Auteur vs. Screenwriter: The Revival. Scontro di Titani. Chi ha “ragione”? Chi “torto”? Che la verità non stia piuttosto nel mezzo? L’ineffabile “ripescaggio” d’una sedicente controversia, la quale non ha mai avuto senso d’esistere, ecco cos’è questo Mank, nuovo opus di David Fincher. A che pro? A che pro dico andare a ritirar fuori una simile vicenda?
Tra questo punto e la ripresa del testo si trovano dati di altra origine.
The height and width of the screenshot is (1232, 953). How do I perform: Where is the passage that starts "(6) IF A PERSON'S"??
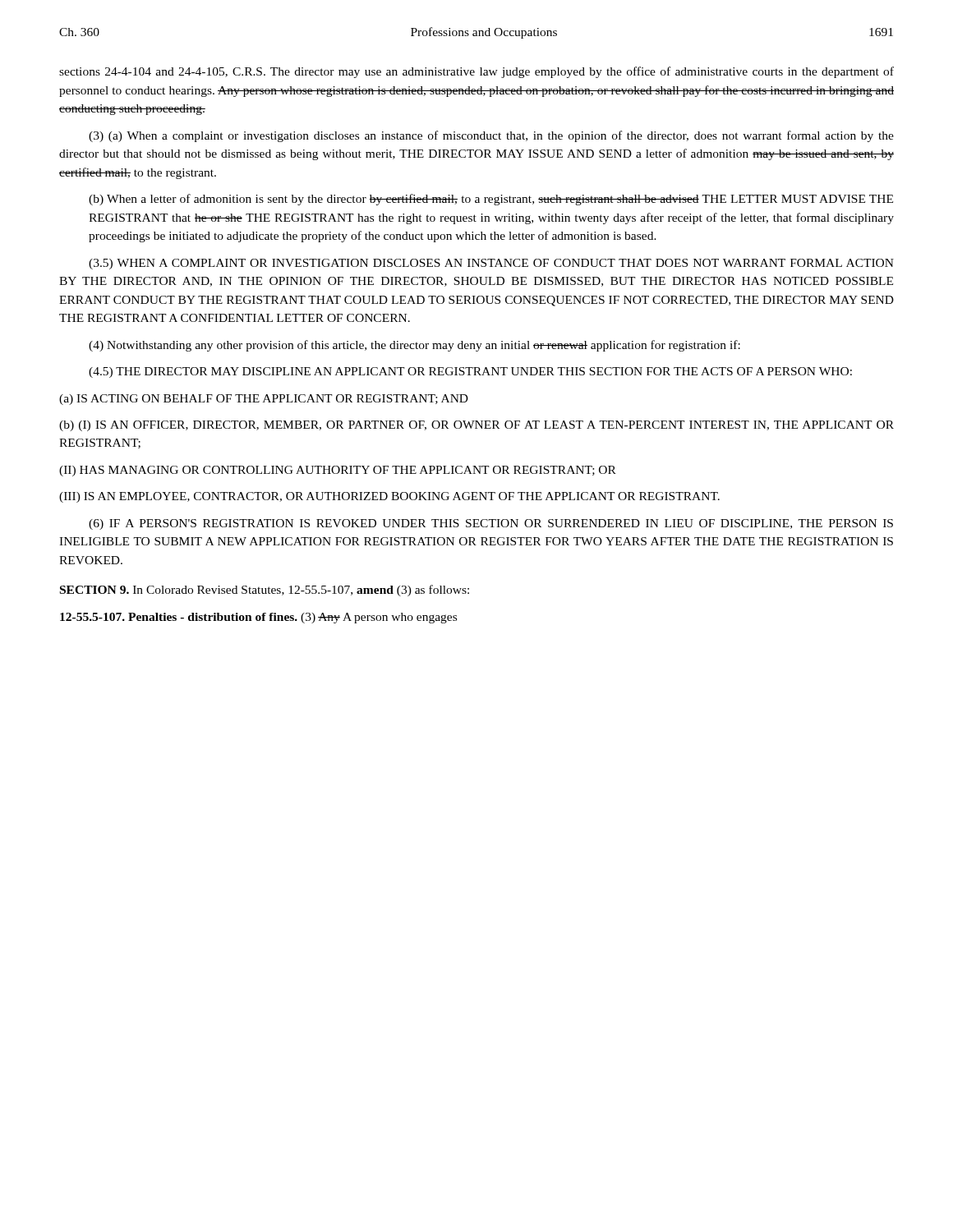(x=476, y=542)

E’ decisamente un qualcosa che ci si ritrova a chiedersi via via sempre più insistentemente nel corso della visione.

 

Il fatto che all’origine fosse un progetto del padre, a lungo meditato, ha forse fatto un po’ troppo sorvolare il regista circa numerose fragilità al livello dell'architrave narrativa che presumibilmente in un altro frangente avrebbe notato e corretto.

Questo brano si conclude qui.